▸ **WORK INSTRUCTION**
When copying the records below, keep every word as it is and drop the images.

▸ **SUPPLIED RECORDS**
= = = =

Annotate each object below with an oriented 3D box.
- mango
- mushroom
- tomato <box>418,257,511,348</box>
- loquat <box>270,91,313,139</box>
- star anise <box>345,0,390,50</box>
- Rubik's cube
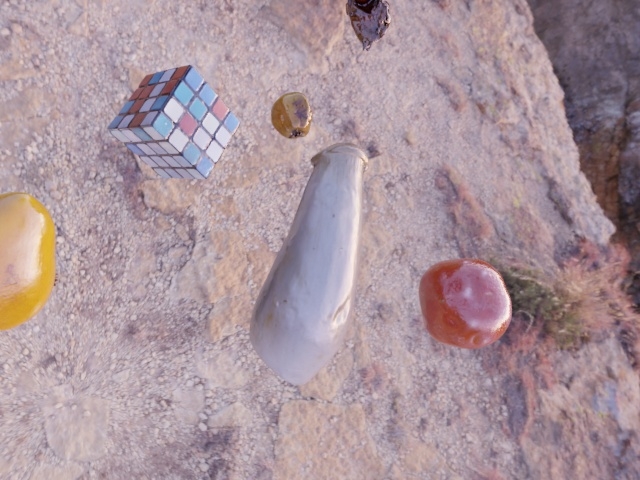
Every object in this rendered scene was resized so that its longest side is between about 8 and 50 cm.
[{"bbox_3d":[-0.568,0.030,0.764,0.187,0.257,0.138,14,20,-18],"label":"mango"},{"bbox_3d":[-0.002,0.027,0.475,0.103,0.118,0.270,15,102,-17],"label":"mushroom"},{"bbox_3d":[0.346,0.153,1.070,0.189,0.232,0.231,1,71,-37],"label":"tomato"},{"bbox_3d":[-0.082,-0.365,1.290,0.137,0.137,0.113,70,16,9],"label":"loquat"},{"bbox_3d":[0.141,-0.636,1.115,0.148,0.346,0.237,-2,76,-14],"label":"star anise"},{"bbox_3d":[-0.283,-0.225,0.863,0.154,0.155,0.151,47,58,-45],"label":"Rubik's cube"}]
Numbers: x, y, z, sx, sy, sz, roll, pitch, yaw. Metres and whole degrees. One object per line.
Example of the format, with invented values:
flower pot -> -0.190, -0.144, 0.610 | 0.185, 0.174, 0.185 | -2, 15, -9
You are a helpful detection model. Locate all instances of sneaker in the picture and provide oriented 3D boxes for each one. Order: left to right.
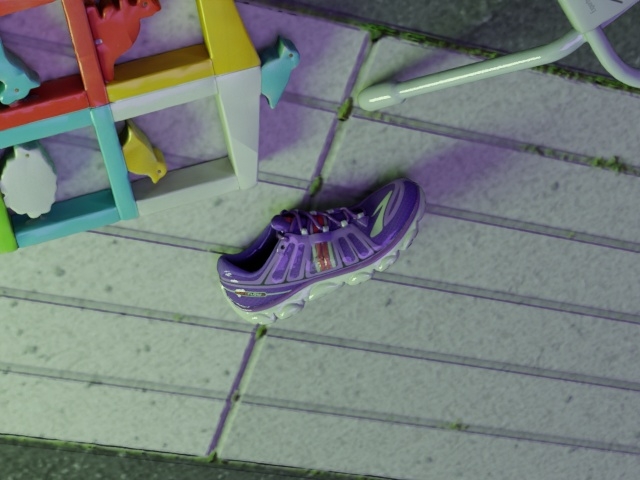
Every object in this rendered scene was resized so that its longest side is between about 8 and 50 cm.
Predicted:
sneaker -> 0.000, 0.000, 1.186 | 0.170, 0.068, 0.071 | -30, 120, 4

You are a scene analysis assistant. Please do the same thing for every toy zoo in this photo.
toy zoo -> -0.158, -0.097, 1.096 | 0.293, 0.030, 0.192 | -16, 125, -7

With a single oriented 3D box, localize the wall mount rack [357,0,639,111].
wall mount rack -> 0.116, -0.224, 1.047 | 0.304, 0.130, 0.350 | -36, 125, 3
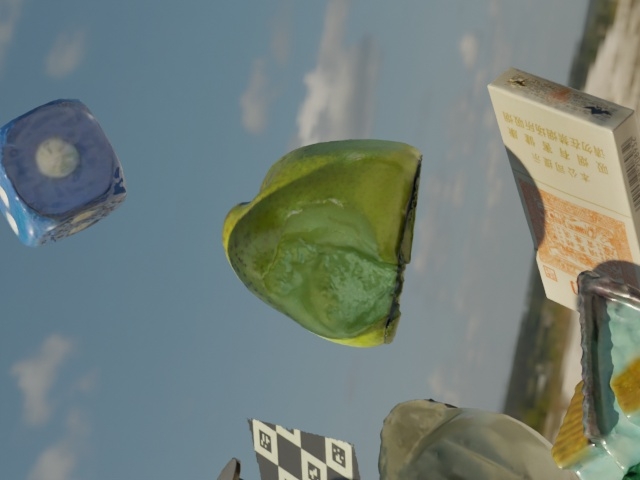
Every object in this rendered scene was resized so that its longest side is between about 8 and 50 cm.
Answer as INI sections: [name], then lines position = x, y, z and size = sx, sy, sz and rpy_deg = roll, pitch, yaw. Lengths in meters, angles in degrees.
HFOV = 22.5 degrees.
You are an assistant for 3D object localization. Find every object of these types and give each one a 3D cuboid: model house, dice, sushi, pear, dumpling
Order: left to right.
[dice]
position = -0.326, -0.081, 1.976
size = 0.146, 0.143, 0.146
rpy_deg = 61, 160, 6
[pear]
position = 0.000, 0.000, 2.109
size = 0.159, 0.292, 0.292
rpy_deg = -60, -21, -61
[sushi]
position = 0.021, 0.323, 1.712
size = 0.043, 0.192, 0.280
rpy_deg = -21, -75, -34
[dumpling]
position = 0.185, 0.317, 1.947
size = 0.227, 0.243, 0.175
rpy_deg = -42, -49, -39
[model house]
position = 0.305, 0.148, 1.515
size = 0.230, 0.249, 0.280
rpy_deg = -42, -27, 8

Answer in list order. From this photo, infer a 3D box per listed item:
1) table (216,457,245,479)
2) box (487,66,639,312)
[table]
position = -0.033, 0.376, 1.884
size = 0.167, 0.226, 0.167
rpy_deg = -155, 90, -83
[box]
position = 0.333, -0.035, 2.000
size = 0.051, 0.204, 0.365
rpy_deg = -40, -48, -22
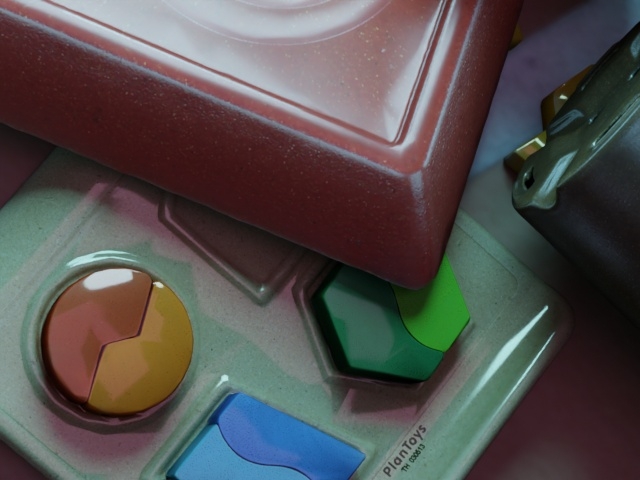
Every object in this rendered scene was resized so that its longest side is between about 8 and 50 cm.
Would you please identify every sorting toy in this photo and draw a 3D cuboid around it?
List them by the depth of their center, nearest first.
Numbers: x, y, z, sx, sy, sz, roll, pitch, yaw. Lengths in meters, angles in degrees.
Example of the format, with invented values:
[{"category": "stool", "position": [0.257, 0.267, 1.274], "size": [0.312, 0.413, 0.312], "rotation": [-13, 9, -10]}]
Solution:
[{"category": "sorting toy", "position": [0.000, 0.000, 0.751], "size": [0.229, 0.041, 0.307], "rotation": [40, 73, -3]}]

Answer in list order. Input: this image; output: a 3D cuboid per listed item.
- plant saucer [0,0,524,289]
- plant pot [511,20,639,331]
[{"category": "plant saucer", "position": [-0.027, -0.142, 0.751], "size": [0.258, 0.048, 0.259], "rotation": [22, 67, -6]}, {"category": "plant pot", "position": [0.182, -0.012, 0.725], "size": [0.165, 0.167, 0.167], "rotation": [40, 73, -8]}]
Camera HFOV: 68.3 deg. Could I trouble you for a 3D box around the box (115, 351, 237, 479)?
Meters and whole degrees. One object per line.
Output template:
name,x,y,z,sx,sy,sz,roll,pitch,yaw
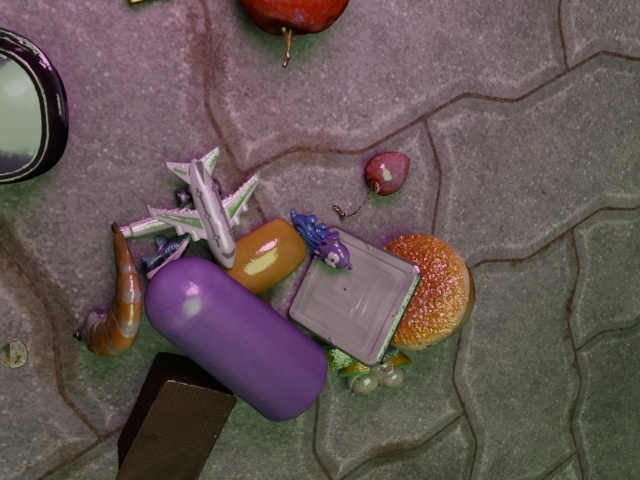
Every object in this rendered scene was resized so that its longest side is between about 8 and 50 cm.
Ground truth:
box,-0.341,0.421,1.101,0.184,0.143,0.273,23,96,-28

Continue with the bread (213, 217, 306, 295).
bread,-0.136,0.048,1.103,0.217,0.098,0.147,-35,113,-11

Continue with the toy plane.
toy plane,-0.235,-0.061,1.009,0.251,0.101,0.255,-24,110,-29

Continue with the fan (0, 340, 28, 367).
fan,-0.652,0.246,0.987,0.080,0.003,0.060,-28,114,-14

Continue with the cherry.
cherry,0.125,-0.142,1.167,0.225,0.090,0.107,-34,129,-1

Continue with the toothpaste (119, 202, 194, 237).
toothpaste,-0.340,-0.042,1.023,0.190,0.031,0.048,-19,104,-21

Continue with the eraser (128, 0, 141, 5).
eraser,-0.329,-0.512,0.872,0.097,0.045,0.122,-24,114,-15

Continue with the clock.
clock,0.155,0.359,1.322,0.231,0.103,0.144,-5,109,-20

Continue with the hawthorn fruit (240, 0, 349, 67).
hawthorn fruit,-0.053,-0.473,0.901,0.242,0.242,0.271,9,102,-26

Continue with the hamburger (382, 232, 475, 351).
hamburger,0.240,0.129,1.183,0.170,0.302,0.302,12,101,-48

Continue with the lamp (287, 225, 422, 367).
lamp,0.077,0.130,1.143,0.047,0.269,0.266,17,99,-64

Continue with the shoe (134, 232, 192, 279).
shoe,-0.336,0.021,1.030,0.143,0.064,0.071,-45,100,-11

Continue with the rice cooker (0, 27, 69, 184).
rice cooker,-0.546,-0.216,0.769,0.267,0.224,0.267,-7,109,-20

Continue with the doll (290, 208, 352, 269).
doll,0.000,0.000,1.120,0.067,0.206,0.110,-36,159,-32

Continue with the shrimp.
shrimp,-0.415,0.126,0.945,0.068,0.185,0.287,-5,117,-47

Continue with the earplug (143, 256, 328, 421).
earplug,-0.184,0.203,1.025,0.215,0.215,0.456,-44,127,-6

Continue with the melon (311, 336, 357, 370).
melon,0.051,0.281,1.250,0.209,0.118,0.064,-18,107,-23
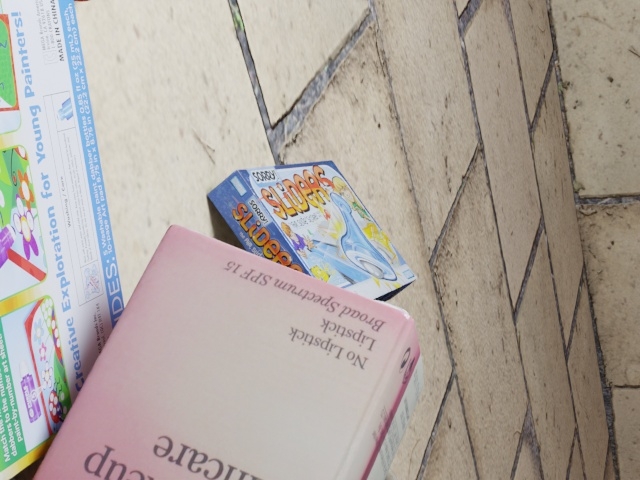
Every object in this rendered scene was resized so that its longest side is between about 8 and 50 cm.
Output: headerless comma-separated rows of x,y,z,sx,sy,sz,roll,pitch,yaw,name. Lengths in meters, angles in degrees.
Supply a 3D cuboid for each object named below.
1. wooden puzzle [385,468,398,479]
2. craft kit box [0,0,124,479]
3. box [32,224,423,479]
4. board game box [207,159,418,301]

= = = =

▸ **ANSWER TO THE PROBLEM**
Annotate each object below with an oriented 3D box.
- mango
- mushroom
- tomato <box>418,257,511,348</box>
- loquat <box>270,91,313,139</box>
- star anise <box>345,0,390,50</box>
- Rubik's cube
Every object in this rendered scene was resized so that its longest side is between about 8 and 50 cm.
[{"bbox_3d":[-0.568,0.030,0.764,0.187,0.257,0.138,14,20,-18],"label":"mango"},{"bbox_3d":[-0.002,0.027,0.475,0.103,0.118,0.270,15,102,-17],"label":"mushroom"},{"bbox_3d":[0.346,0.153,1.070,0.189,0.232,0.231,1,71,-37],"label":"tomato"},{"bbox_3d":[-0.082,-0.365,1.290,0.137,0.137,0.113,70,16,9],"label":"loquat"},{"bbox_3d":[0.141,-0.636,1.115,0.148,0.346,0.237,-2,76,-14],"label":"star anise"},{"bbox_3d":[-0.283,-0.225,0.863,0.154,0.155,0.151,47,58,-45],"label":"Rubik's cube"}]
Numbers: x, y, z, sx, sy, sz, roll, pitch, yaw. Metres and whole degrees. One object per line.
Example of the format, with invented values:
flower pot -> -0.190, -0.144, 0.610 | 0.185, 0.174, 0.185 | -2, 15, -9
You are a helpful detection model. Locate all instances of sneaker in the picture and provide oriented 3D boxes for each one. Order: left to right.
Every object in this rendered scene was resized so that its longest side is between about 8 and 50 cm.
Predicted:
sneaker -> 0.000, 0.000, 1.186 | 0.170, 0.068, 0.071 | -30, 120, 4

You are a scene analysis assistant. Please do the same thing for every toy zoo in this photo.
toy zoo -> -0.158, -0.097, 1.096 | 0.293, 0.030, 0.192 | -16, 125, -7

With a single oriented 3D box, localize the wall mount rack [357,0,639,111].
wall mount rack -> 0.116, -0.224, 1.047 | 0.304, 0.130, 0.350 | -36, 125, 3
Every object in this rendered scene was resized so that its longest side is between about 8 and 50 cm.
Answer as INI sections: [name], then lines position = x, y, z and size = sx, sy, sz and rpy_deg = roll, pitch, yaw. Lengths in meters, angles in degrees.
HFOV = 22.5 degrees.
You are an assistant for 3D object localization. Find every object of these types and give each one a 3D cuboid: model house, dice, sushi, pear, dumpling
Order: left to right.
[dice]
position = -0.326, -0.081, 1.976
size = 0.146, 0.143, 0.146
rpy_deg = 61, 160, 6
[pear]
position = 0.000, 0.000, 2.109
size = 0.159, 0.292, 0.292
rpy_deg = -60, -21, -61
[sushi]
position = 0.021, 0.323, 1.712
size = 0.043, 0.192, 0.280
rpy_deg = -21, -75, -34
[dumpling]
position = 0.185, 0.317, 1.947
size = 0.227, 0.243, 0.175
rpy_deg = -42, -49, -39
[model house]
position = 0.305, 0.148, 1.515
size = 0.230, 0.249, 0.280
rpy_deg = -42, -27, 8

Answer in list order. From this photo, infer a 3D box per listed item:
1) table (216,457,245,479)
2) box (487,66,639,312)
[table]
position = -0.033, 0.376, 1.884
size = 0.167, 0.226, 0.167
rpy_deg = -155, 90, -83
[box]
position = 0.333, -0.035, 2.000
size = 0.051, 0.204, 0.365
rpy_deg = -40, -48, -22
Every object in this rendered scene was resized so that its longest side is between about 8 and 50 cm.
Would you please identify every sorting toy in this photo and draw a 3D cuboid around it?
List them by the depth of their center, nearest first.
Numbers: x, y, z, sx, sy, sz, roll, pitch, yaw. Lengths in meters, angles in degrees.
Example of the format, with invented values:
[{"category": "stool", "position": [0.257, 0.267, 1.274], "size": [0.312, 0.413, 0.312], "rotation": [-13, 9, -10]}]
Solution:
[{"category": "sorting toy", "position": [0.000, 0.000, 0.751], "size": [0.229, 0.041, 0.307], "rotation": [40, 73, -3]}]

Answer in list order. Input: this image; output: a 3D cuboid per listed item.
- plant saucer [0,0,524,289]
- plant pot [511,20,639,331]
[{"category": "plant saucer", "position": [-0.027, -0.142, 0.751], "size": [0.258, 0.048, 0.259], "rotation": [22, 67, -6]}, {"category": "plant pot", "position": [0.182, -0.012, 0.725], "size": [0.165, 0.167, 0.167], "rotation": [40, 73, -8]}]
Camera HFOV: 68.3 deg. Could I trouble you for a 3D box around the box (115, 351, 237, 479)?
Meters and whole degrees. One object per line.
Output template:
name,x,y,z,sx,sy,sz,roll,pitch,yaw
Every object in this rendered scene was resized so that its longest side is between about 8 and 50 cm.
Ground truth:
box,-0.341,0.421,1.101,0.184,0.143,0.273,23,96,-28

Continue with the bread (213, 217, 306, 295).
bread,-0.136,0.048,1.103,0.217,0.098,0.147,-35,113,-11

Continue with the toy plane.
toy plane,-0.235,-0.061,1.009,0.251,0.101,0.255,-24,110,-29

Continue with the fan (0, 340, 28, 367).
fan,-0.652,0.246,0.987,0.080,0.003,0.060,-28,114,-14

Continue with the cherry.
cherry,0.125,-0.142,1.167,0.225,0.090,0.107,-34,129,-1

Continue with the toothpaste (119, 202, 194, 237).
toothpaste,-0.340,-0.042,1.023,0.190,0.031,0.048,-19,104,-21

Continue with the eraser (128, 0, 141, 5).
eraser,-0.329,-0.512,0.872,0.097,0.045,0.122,-24,114,-15

Continue with the clock.
clock,0.155,0.359,1.322,0.231,0.103,0.144,-5,109,-20

Continue with the hawthorn fruit (240, 0, 349, 67).
hawthorn fruit,-0.053,-0.473,0.901,0.242,0.242,0.271,9,102,-26

Continue with the hamburger (382, 232, 475, 351).
hamburger,0.240,0.129,1.183,0.170,0.302,0.302,12,101,-48

Continue with the lamp (287, 225, 422, 367).
lamp,0.077,0.130,1.143,0.047,0.269,0.266,17,99,-64

Continue with the shoe (134, 232, 192, 279).
shoe,-0.336,0.021,1.030,0.143,0.064,0.071,-45,100,-11

Continue with the rice cooker (0, 27, 69, 184).
rice cooker,-0.546,-0.216,0.769,0.267,0.224,0.267,-7,109,-20

Continue with the doll (290, 208, 352, 269).
doll,0.000,0.000,1.120,0.067,0.206,0.110,-36,159,-32

Continue with the shrimp.
shrimp,-0.415,0.126,0.945,0.068,0.185,0.287,-5,117,-47

Continue with the earplug (143, 256, 328, 421).
earplug,-0.184,0.203,1.025,0.215,0.215,0.456,-44,127,-6

Continue with the melon (311, 336, 357, 370).
melon,0.051,0.281,1.250,0.209,0.118,0.064,-18,107,-23
Every object in this rendered scene was resized so that its longest side is between about 8 and 50 cm.
Output: headerless comma-separated rows of x,y,z,sx,sy,sz,roll,pitch,yaw,name. Lengths in meters, angles in degrees.
Supply a 3D cuboid for each object named below.
1. wooden puzzle [385,468,398,479]
2. craft kit box [0,0,124,479]
3. box [32,224,423,479]
4. board game box [207,159,418,301]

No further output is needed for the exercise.